The latest NVIDIA Blackwell architecture packs an astounding 208 billion transistors into a single GPU package, according to NVIDIA's 2024 specifications—a number that would have seemed impossible just a decade ago. This exponential growth in transistor density represents more than just impressive engineering; it fundamentally transforms how modern GPUs deliver computational power for AI workloads, scientific simulations, and data processing tasks.

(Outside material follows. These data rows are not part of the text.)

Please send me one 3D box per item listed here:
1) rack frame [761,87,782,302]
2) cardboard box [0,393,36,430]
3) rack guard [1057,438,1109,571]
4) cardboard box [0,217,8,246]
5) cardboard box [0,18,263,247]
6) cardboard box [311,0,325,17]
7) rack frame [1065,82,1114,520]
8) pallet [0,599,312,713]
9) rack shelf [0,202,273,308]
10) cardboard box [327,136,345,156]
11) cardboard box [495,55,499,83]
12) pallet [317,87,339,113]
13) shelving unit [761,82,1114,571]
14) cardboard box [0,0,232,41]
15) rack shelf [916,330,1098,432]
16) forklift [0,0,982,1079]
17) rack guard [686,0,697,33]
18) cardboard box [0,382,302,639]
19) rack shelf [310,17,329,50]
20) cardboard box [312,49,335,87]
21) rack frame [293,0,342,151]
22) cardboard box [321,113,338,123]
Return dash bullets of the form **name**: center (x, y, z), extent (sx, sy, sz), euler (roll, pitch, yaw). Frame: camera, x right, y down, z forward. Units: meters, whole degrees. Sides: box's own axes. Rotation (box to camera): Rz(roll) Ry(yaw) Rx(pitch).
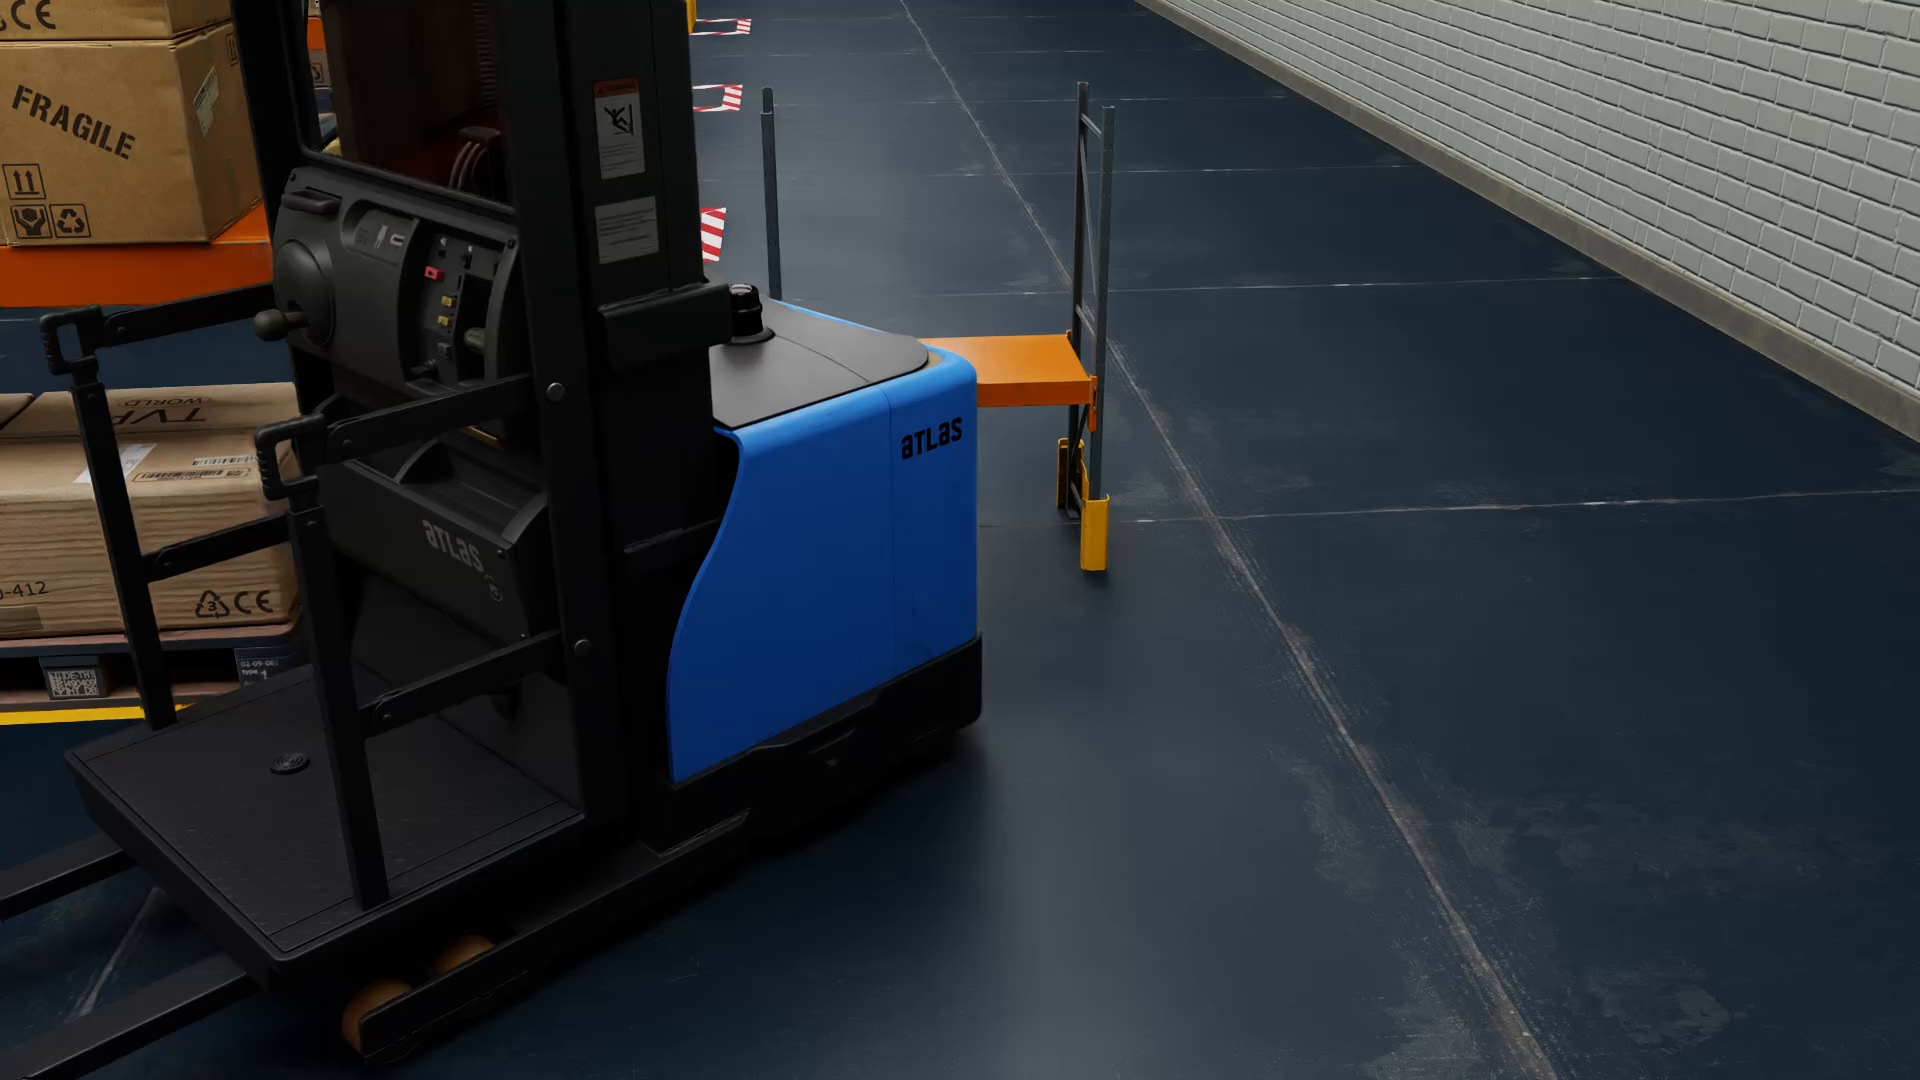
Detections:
- **rack frame**: center (-0.591, -0.662, 5.392), extent (0.032, 1.500, 0.500), euler (-2, 24, -5)
- **cardboard box**: center (-3.294, -0.074, 4.860), extent (0.875, 0.438, 0.875), euler (-2, 24, -4)
- **rack guard**: center (0.420, -0.131, 5.737), extent (0.087, 0.250, 0.587), euler (-2, 24, -5)
- **cardboard box**: center (-2.692, -1.065, 4.330), extent (0.500, 0.500, 0.500), euler (-3, 24, -6)
- **cardboard box**: center (-2.191, -1.079, 4.361), extent (0.500, 0.500, 0.500), euler (-2, 24, -5)
- **cardboard box**: center (-3.371, -2.884, 8.854), extent (0.250, 0.149, 0.380), euler (-2, 24, -4)
- **rack frame**: center (0.421, -0.702, 5.483), extent (0.032, 1.500, 0.500), euler (-2, 24, -5)
- **pallet**: center (-2.525, 0.179, 5.089), extent (1.213, 0.211, 1.003), euler (-2, 24, -5)
- **rack shelf**: center (-3.727, -0.751, 4.632), extent (4.000, 0.370, 1.077), euler (-2, 24, -5)
- **cardboard box**: center (-3.327, -2.145, 9.143), extent (0.250, 0.149, 0.380), euler (-3, 24, -6)
- **cardboard box**: center (-4.245, -4.292, 13.811), extent (0.875, 0.875, 0.875), euler (-2, 24, -5)
- **pallet**: center (-4.710, -3.780, 13.994), extent (1.213, 0.211, 1.003), euler (-2, 24, -5)
- **shelving unit**: center (-0.076, -0.682, 5.439), extent (1.083, 1.500, 0.587), euler (-2, 24, -5)
- **cardboard box**: center (-2.193, -1.546, 4.182), extent (0.500, 0.500, 0.500), euler (-2, 24, -3)
- **rack shelf**: center (-0.085, -0.518, 5.511), extent (1.000, 0.185, 0.538), euler (-2, 24, -5)
- **forklift**: center (-1.325, -0.516, 3.302), extent (1.130, 2.935, 3.031), euler (21, 32, 39)
- **rack guard**: center (-3.175, -6.031, 18.703), extent (0.348, 0.500, 1.175), euler (-2, 24, -5)
- **cardboard box**: center (-2.384, -0.114, 4.950), extent (0.875, 0.438, 0.875), euler (-3, 24, -7)
- **rack shelf**: center (-4.314, -2.748, 9.124), extent (4.000, 0.370, 1.077), euler (-2, 24, -5)
- **cardboard box**: center (-5.131, -4.256, 13.731), extent (0.875, 0.875, 0.875), euler (-2, 24, -5)
- **rack frame**: center (-1.737, -1.159, 4.665), extent (0.127, 3.000, 1.000), euler (-2, 24, -5)
- **cardboard box**: center (-3.643, -2.372, 9.655), extent (0.250, 0.149, 0.380), euler (-3, 24, -8)
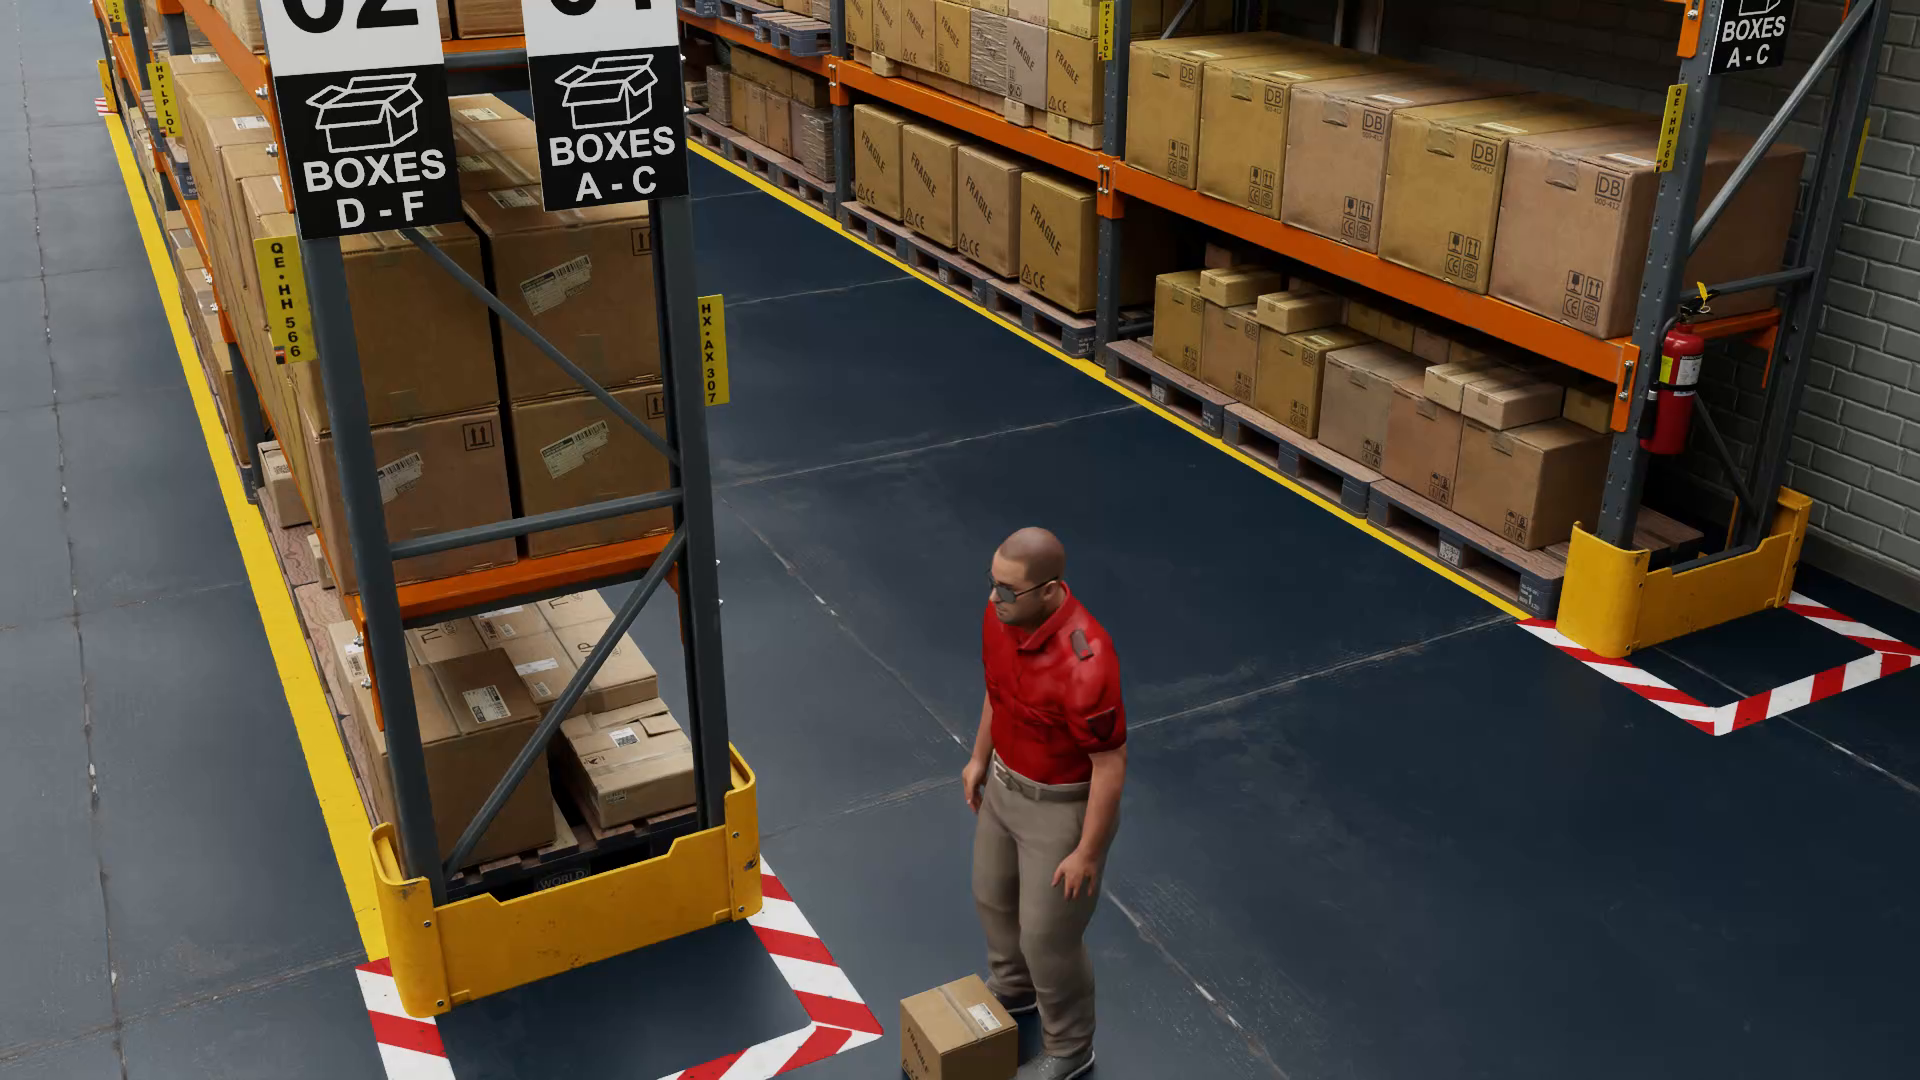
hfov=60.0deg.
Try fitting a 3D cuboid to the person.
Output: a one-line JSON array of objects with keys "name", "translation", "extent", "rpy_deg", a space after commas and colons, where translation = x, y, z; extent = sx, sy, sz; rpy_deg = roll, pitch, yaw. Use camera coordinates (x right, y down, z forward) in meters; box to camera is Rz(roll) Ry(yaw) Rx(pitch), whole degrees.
[{"name": "person", "translation": [0.218, 0.735, 4.574], "extent": [0.388, 1.727, 0.598], "rpy_deg": [-14, 29, -27]}]
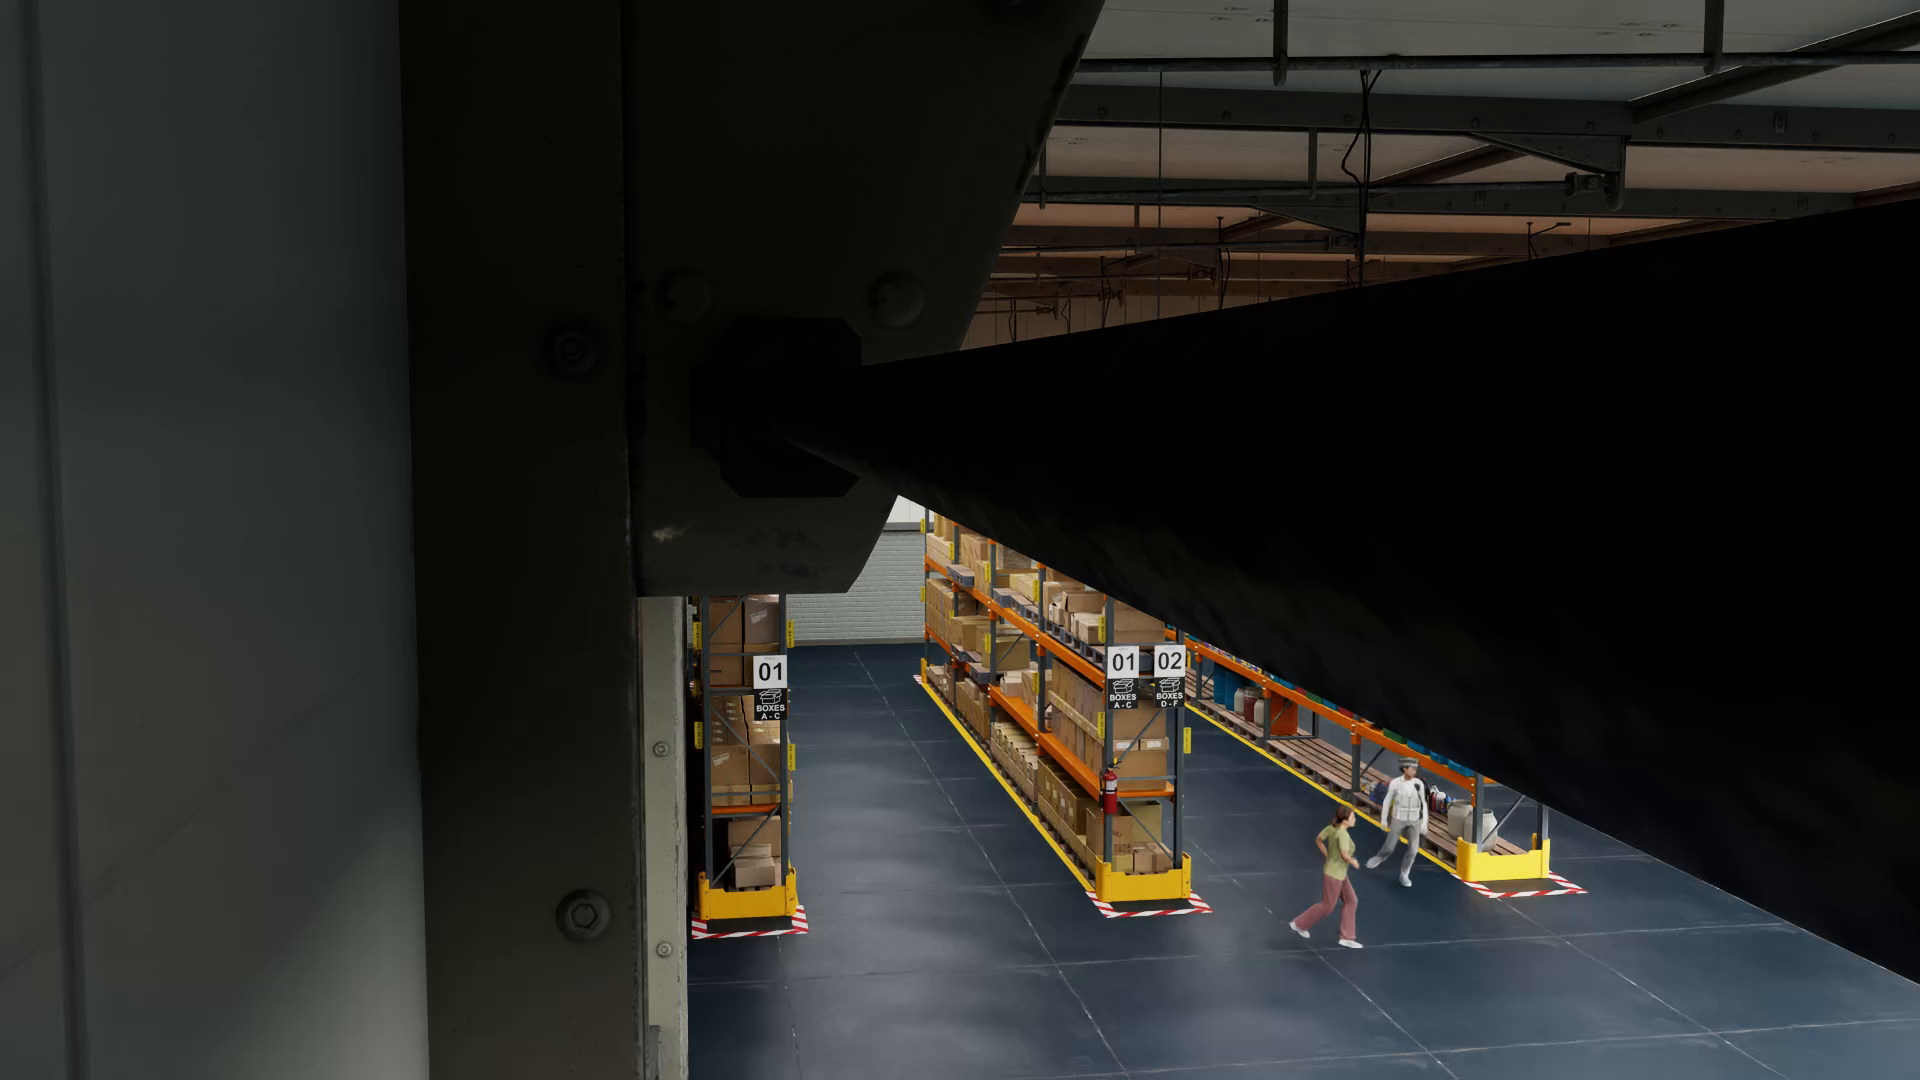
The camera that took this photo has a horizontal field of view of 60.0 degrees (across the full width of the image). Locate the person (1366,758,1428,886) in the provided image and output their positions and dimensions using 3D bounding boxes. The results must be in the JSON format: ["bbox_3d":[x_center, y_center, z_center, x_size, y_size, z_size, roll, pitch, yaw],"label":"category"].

Understanding GPU parts and their intricate interactions has become essential for developers, researchers, and startups navigating the complex landscape of accelerated computing. The days of simply looking at memory capacity or clock speeds are long gone. Today's GPU performance depends on a sophisticated orchestra of components working in perfect harmony, from specialized tensor cores to high-bandwidth memory interfaces.
The Core Building Blocks: Essential GPU Components
Modern GPUs are far more than scaled-up graphics processors. The fundamental GPU components that drive performance have evolved into highly specialized units designed for parallel computing workloads. Each component plays a critical role in determining overall system performance, and understanding its functions helps explain why certain GPUs excel at specific tasks.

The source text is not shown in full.